Googles Professional AI Certification & What Ive Learned Since

Last week, I took Google’s Tensorflow Certification exam, a grueling 5-hour endeavor where the tester is required to build highly accurate models pertaining to image classification, text classification, and time-series predictors.

I ended up passing the exam, but it definitely was a beast and required incremental accumulation of subject matter knowledge over several years along with a very structured study schedule and hands-on practice.

I wanted to quickly share what I’ve learned since then about Tensorflow and about neural networks in general.

Artificial Intelligence Is Probabilities

Artificial Intelligence (AI) is all about probabilities at the most basic level, but we can sum it up in once sentence:

Artificial Intelligence is about arriving at the probability distribution of the truth.

You aren’t seeing this at the surface level because API’s like Keras extract the higher level math away, but ultimately its good to understand exactly what machine learning is doing under the hood so that we know when to put faith into what the model is telling us, and when not to.

So how are neural networks using probability distributions? Let’s take an example of using an AI model to predict heart disease.

Let’s say I have a training dataset of 1000 patients, 980 are labeled to not have heart disease and 20 are labeled as having heart disease. As far as the model is concerned, this dataset represents the ground truth, the maximum amount of information present to be learned by a machine learning model to equate the real world.

What a neural network is doing internally is that it’s shifting its weights around to arrive at the expected distribution of the original training dataset. In other words, when you feed data into a neural network, what you’re saying to the network is this:

“Okay, neural network, I’m going to feed you some data where 980 of the inputs have class “0″ (“do not have heart disease”), and 20 have class “1″ (“have heart disease”). Please shift your network weights around when evaluating the input data so that your predictions will typically match around 20 class “1’s” for every 980 class “0’s””.

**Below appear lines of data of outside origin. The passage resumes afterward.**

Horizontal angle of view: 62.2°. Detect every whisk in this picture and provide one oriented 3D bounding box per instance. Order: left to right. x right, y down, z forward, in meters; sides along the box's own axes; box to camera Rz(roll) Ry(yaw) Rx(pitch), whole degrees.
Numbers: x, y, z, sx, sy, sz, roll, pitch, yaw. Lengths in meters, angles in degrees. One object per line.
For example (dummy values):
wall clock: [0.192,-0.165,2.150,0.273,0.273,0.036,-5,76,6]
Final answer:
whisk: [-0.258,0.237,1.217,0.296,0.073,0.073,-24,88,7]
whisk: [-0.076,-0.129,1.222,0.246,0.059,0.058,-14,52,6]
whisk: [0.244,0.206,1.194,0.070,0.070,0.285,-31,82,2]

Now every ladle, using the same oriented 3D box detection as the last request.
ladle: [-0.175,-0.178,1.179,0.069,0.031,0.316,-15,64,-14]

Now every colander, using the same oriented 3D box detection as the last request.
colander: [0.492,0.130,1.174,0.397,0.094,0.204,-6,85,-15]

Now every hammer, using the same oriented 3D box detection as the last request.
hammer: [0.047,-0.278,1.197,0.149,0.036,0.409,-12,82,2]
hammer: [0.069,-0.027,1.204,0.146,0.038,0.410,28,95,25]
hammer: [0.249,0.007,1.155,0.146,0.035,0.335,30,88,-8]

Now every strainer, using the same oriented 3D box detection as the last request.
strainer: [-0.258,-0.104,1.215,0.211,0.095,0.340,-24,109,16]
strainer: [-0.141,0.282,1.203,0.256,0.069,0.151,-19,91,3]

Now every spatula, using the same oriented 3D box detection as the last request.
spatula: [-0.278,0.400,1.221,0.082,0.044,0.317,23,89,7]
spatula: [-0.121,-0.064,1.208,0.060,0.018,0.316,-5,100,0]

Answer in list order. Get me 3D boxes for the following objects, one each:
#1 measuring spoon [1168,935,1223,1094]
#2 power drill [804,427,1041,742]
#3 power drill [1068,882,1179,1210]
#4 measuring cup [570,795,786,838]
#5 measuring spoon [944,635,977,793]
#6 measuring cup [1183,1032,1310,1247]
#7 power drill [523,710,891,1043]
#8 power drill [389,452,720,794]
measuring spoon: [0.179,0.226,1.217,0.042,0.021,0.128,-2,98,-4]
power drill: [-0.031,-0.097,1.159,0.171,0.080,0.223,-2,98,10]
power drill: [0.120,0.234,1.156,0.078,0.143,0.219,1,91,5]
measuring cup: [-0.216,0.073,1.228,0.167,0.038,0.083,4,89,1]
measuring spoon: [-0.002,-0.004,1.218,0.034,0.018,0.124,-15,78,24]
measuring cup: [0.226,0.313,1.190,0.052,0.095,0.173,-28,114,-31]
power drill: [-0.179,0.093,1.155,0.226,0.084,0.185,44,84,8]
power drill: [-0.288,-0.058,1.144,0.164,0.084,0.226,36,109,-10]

“Okay Neural Network, given all these X’s, give me the function for a red line that best fits the data distribution so I can predict future Y’s”

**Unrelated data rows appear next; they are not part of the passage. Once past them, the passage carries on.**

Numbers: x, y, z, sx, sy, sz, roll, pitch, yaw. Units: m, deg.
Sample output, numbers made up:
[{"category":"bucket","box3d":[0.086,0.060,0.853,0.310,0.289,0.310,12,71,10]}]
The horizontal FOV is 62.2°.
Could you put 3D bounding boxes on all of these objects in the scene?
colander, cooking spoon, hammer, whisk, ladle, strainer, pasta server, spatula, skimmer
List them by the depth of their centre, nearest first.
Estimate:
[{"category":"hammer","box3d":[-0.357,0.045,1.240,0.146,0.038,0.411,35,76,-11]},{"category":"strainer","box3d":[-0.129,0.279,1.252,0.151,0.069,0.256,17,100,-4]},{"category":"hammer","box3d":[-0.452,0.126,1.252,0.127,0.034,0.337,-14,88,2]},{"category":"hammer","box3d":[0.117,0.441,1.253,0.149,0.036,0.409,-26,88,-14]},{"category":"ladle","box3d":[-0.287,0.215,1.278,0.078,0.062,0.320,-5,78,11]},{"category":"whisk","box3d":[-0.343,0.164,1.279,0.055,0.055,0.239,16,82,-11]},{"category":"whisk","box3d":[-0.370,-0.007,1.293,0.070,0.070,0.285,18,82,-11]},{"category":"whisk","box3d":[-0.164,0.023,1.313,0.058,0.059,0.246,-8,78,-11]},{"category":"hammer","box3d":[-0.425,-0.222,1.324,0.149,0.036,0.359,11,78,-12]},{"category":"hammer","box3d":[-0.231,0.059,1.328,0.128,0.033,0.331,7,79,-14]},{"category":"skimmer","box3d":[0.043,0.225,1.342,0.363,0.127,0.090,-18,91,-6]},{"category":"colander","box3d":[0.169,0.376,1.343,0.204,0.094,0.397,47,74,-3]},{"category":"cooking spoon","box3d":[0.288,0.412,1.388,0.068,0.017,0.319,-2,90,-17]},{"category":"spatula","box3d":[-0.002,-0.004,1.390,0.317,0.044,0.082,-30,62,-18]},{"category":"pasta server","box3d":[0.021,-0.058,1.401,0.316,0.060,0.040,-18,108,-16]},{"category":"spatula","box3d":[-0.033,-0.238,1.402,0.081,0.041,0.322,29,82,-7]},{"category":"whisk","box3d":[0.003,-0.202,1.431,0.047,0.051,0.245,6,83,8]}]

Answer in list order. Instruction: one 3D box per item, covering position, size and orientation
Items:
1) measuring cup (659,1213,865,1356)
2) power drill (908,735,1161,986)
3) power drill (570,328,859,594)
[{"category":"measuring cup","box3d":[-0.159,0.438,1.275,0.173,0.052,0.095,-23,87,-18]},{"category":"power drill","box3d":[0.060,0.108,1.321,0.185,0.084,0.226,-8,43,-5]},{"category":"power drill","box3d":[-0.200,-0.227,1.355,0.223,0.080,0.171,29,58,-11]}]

That’s all that’s happening under the hood. The neural network is converging in on a probability distribution for predictions that will most closely match the probability distribution of the original ground truth you fed into it.

This is an important thing to understand because if you’re feeding datasets into a machine learning model where the distribution of classifiers do not approximate the true distribution of those classifiers in nature, then your machine learning model will be pretty “untruthful” (useless) when you try to predict on new data.

This is the ultimate challenge of data science and artificial intelligence is that it’s not just about building efficient models, it’s actually more about what you’re feeding into them.

This is analogous to diet and exercise for people: if you’re training hard in the gym, but eating fattening and unhealthy foods, it doesn’t matter how great your training program is, you’re ultimately not going to get the results you’re looking for.

The hardest part about machine learning is understanding whether the distribution of your data matches that which occurs naturally in the physical world.